* **Provided data**:
Start of Block
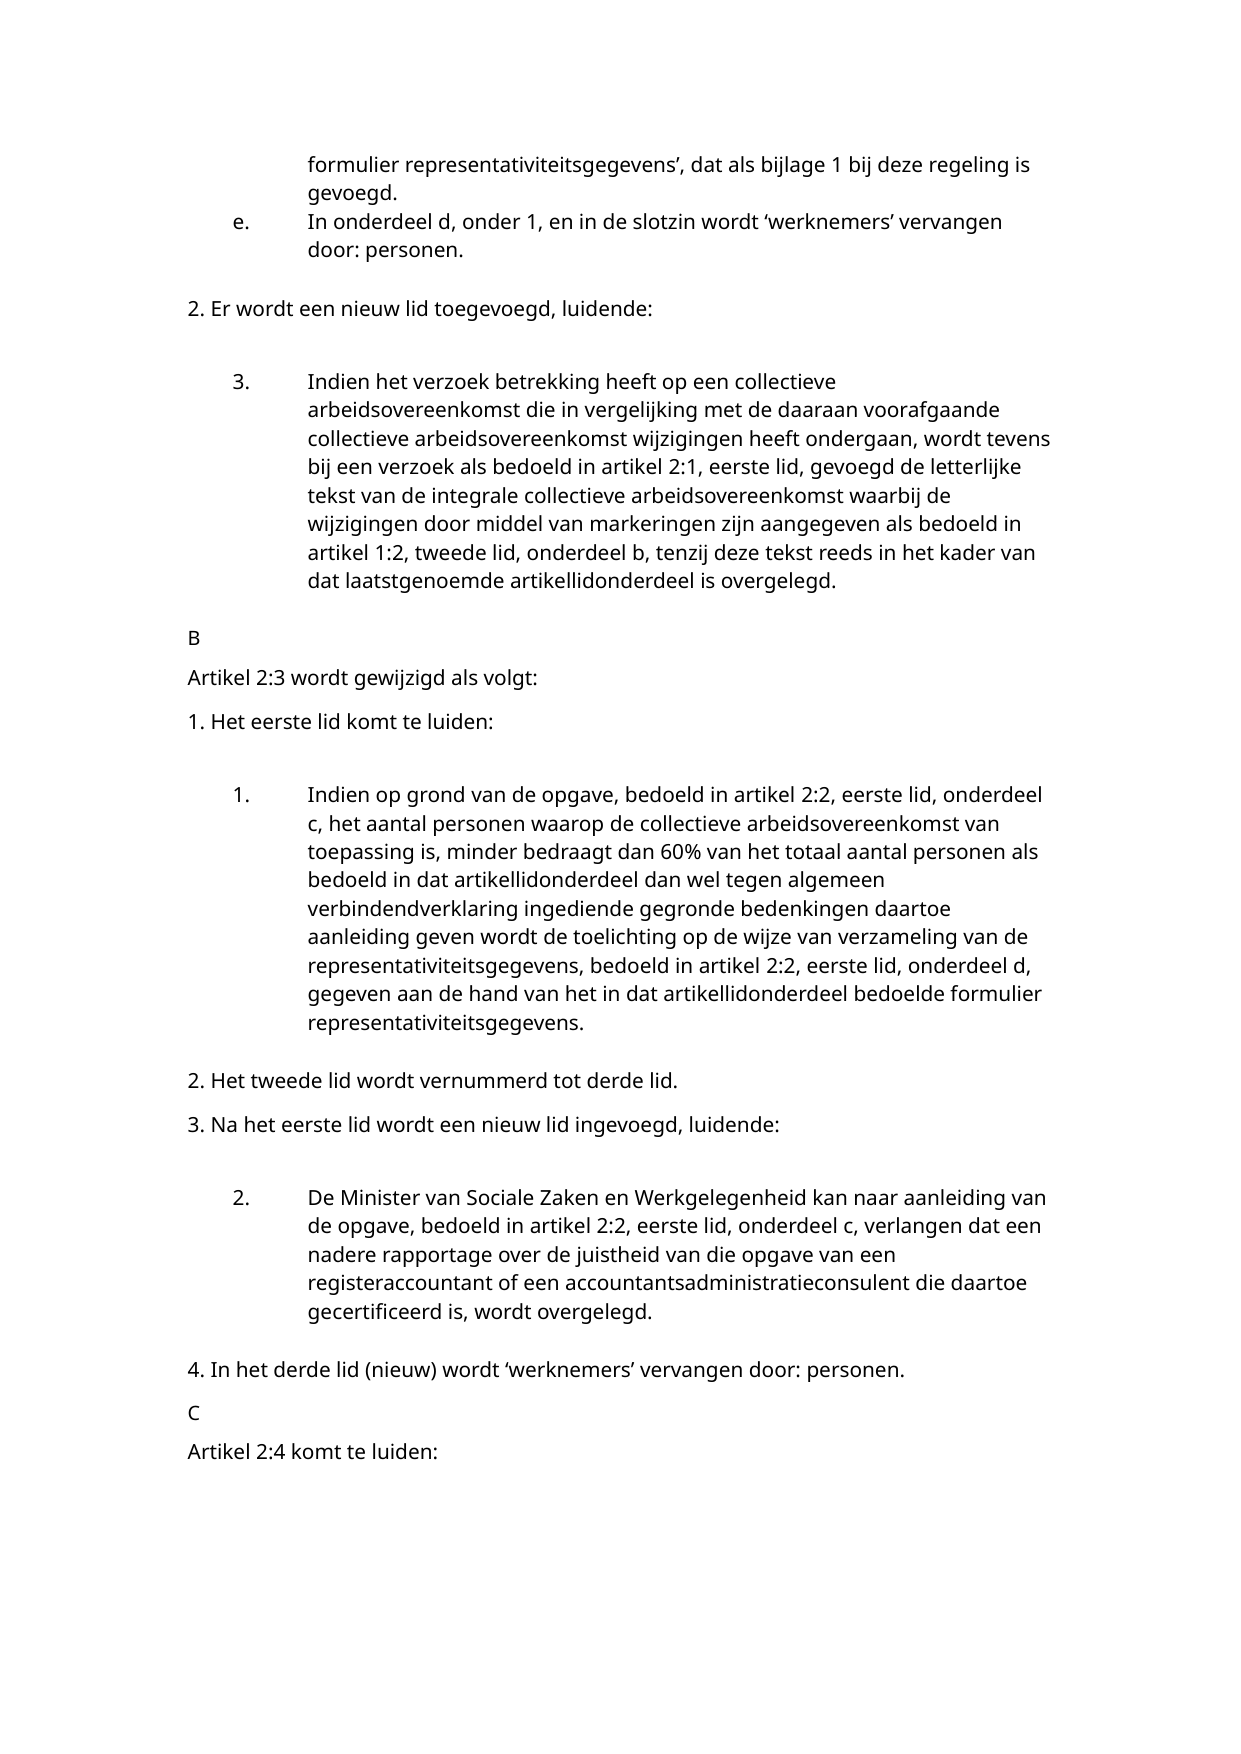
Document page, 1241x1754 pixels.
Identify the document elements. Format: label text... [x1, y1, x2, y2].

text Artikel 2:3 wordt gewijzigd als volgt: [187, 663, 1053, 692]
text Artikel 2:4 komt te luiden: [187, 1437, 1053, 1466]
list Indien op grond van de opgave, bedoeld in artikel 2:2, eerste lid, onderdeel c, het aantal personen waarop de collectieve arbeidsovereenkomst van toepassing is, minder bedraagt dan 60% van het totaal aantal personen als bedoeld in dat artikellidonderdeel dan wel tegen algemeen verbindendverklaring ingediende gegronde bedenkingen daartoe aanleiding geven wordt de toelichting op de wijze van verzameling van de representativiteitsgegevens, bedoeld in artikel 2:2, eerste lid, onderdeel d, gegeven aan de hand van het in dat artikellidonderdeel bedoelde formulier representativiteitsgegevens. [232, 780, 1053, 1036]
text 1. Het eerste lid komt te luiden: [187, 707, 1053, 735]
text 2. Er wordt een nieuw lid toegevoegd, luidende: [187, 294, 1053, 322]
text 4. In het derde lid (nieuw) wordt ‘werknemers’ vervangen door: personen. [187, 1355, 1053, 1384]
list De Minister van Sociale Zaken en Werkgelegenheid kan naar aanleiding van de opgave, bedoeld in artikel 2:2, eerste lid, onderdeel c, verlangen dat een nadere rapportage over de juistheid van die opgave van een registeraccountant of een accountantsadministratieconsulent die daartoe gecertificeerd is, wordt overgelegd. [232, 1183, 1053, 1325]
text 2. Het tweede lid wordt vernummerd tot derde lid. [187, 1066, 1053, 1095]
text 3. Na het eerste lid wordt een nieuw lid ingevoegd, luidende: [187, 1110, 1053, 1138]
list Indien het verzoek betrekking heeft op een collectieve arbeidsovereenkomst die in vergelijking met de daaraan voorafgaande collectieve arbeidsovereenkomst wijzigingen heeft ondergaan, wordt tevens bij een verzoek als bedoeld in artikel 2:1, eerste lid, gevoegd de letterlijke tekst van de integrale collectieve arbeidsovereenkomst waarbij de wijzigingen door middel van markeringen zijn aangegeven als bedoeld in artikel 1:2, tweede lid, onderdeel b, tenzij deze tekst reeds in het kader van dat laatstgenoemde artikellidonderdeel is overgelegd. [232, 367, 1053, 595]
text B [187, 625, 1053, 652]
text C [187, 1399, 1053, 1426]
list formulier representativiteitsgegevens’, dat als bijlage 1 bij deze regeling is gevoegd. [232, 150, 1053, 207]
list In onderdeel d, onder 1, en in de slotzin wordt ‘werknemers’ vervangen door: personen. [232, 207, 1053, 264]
End of Block
Start of Block
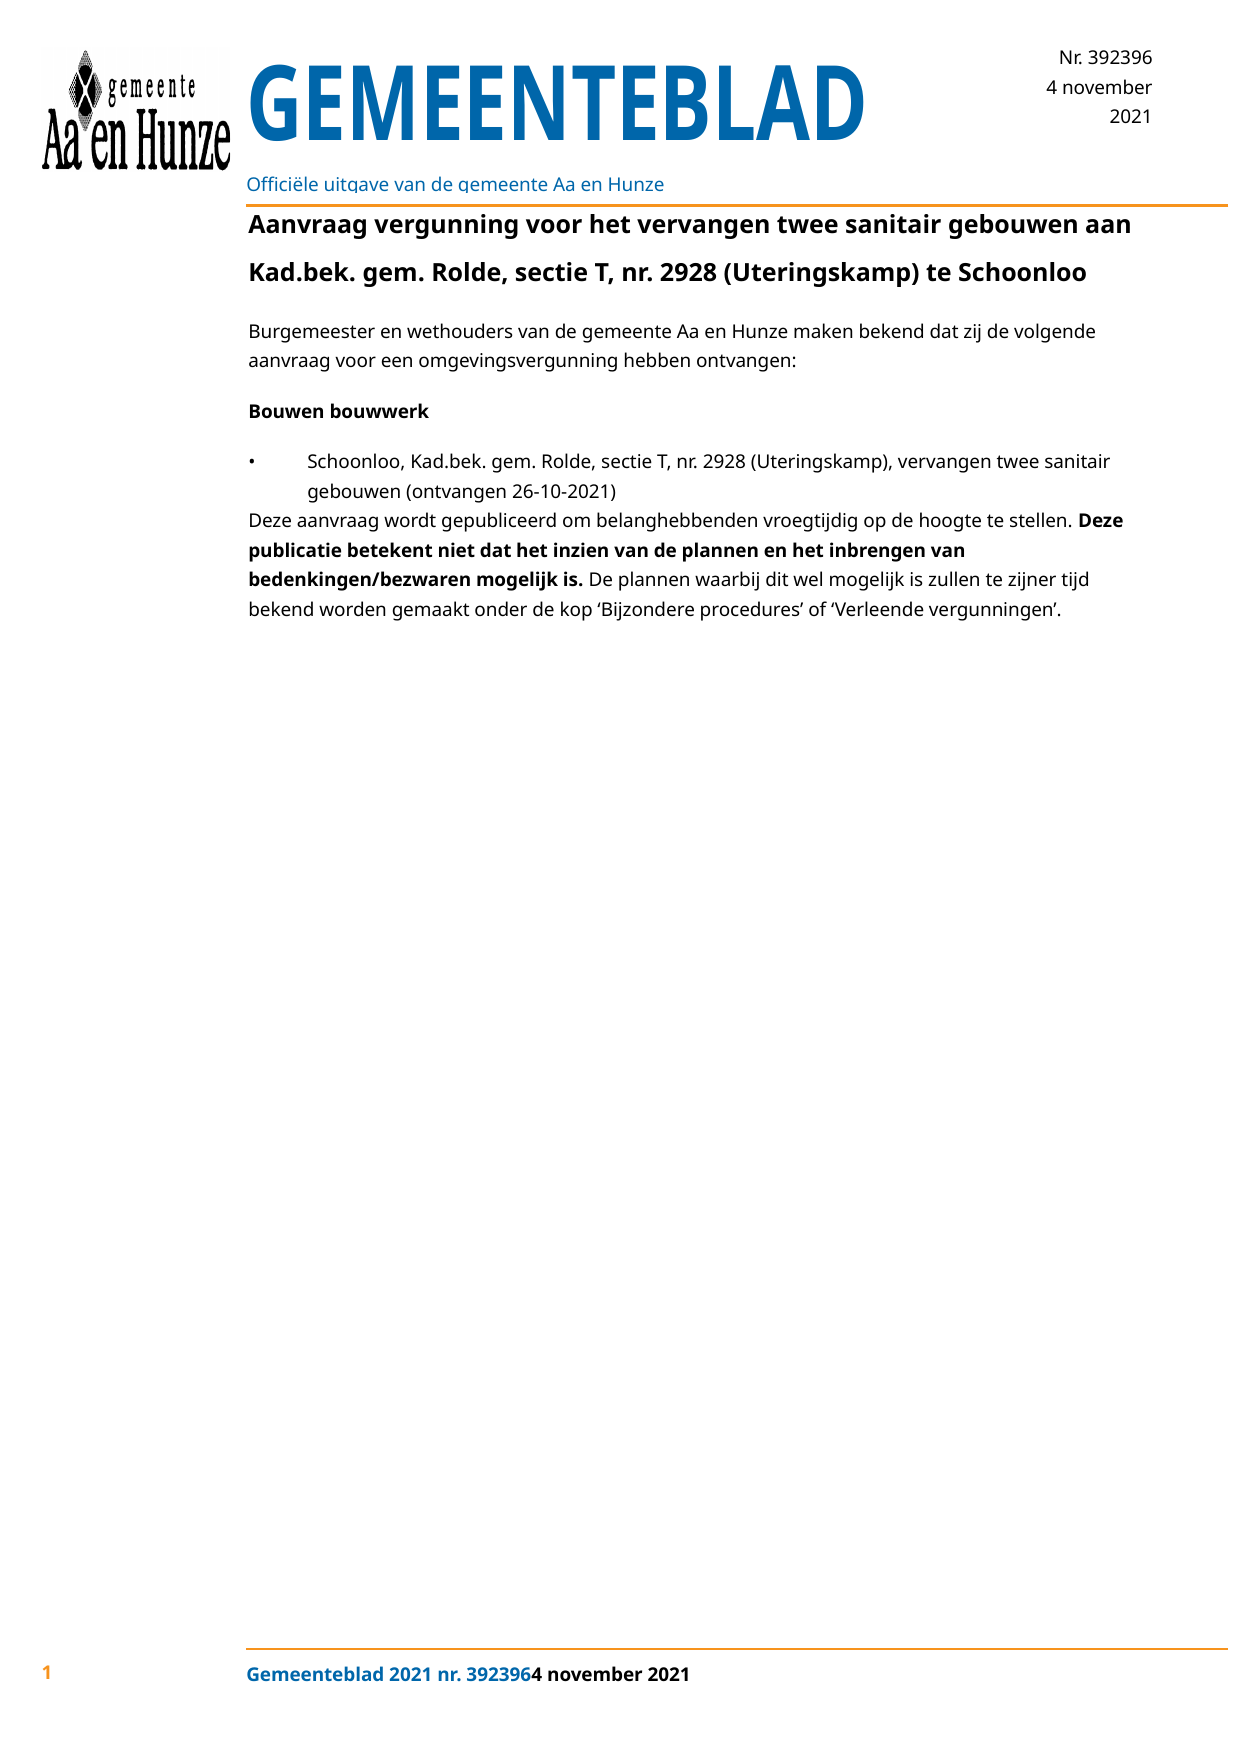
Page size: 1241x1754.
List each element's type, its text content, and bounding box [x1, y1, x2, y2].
End of Block
* **Problem requirements**:
The line above containing "Page size: 1241x1754.", the line containing "List each element's", and every line between them are to be transcribed exactly; no other line is wanted.

* **Task response**:
Page size: 1241x1754.
List each element's type, its text content, and bounding box [x1, y1, x2, y2].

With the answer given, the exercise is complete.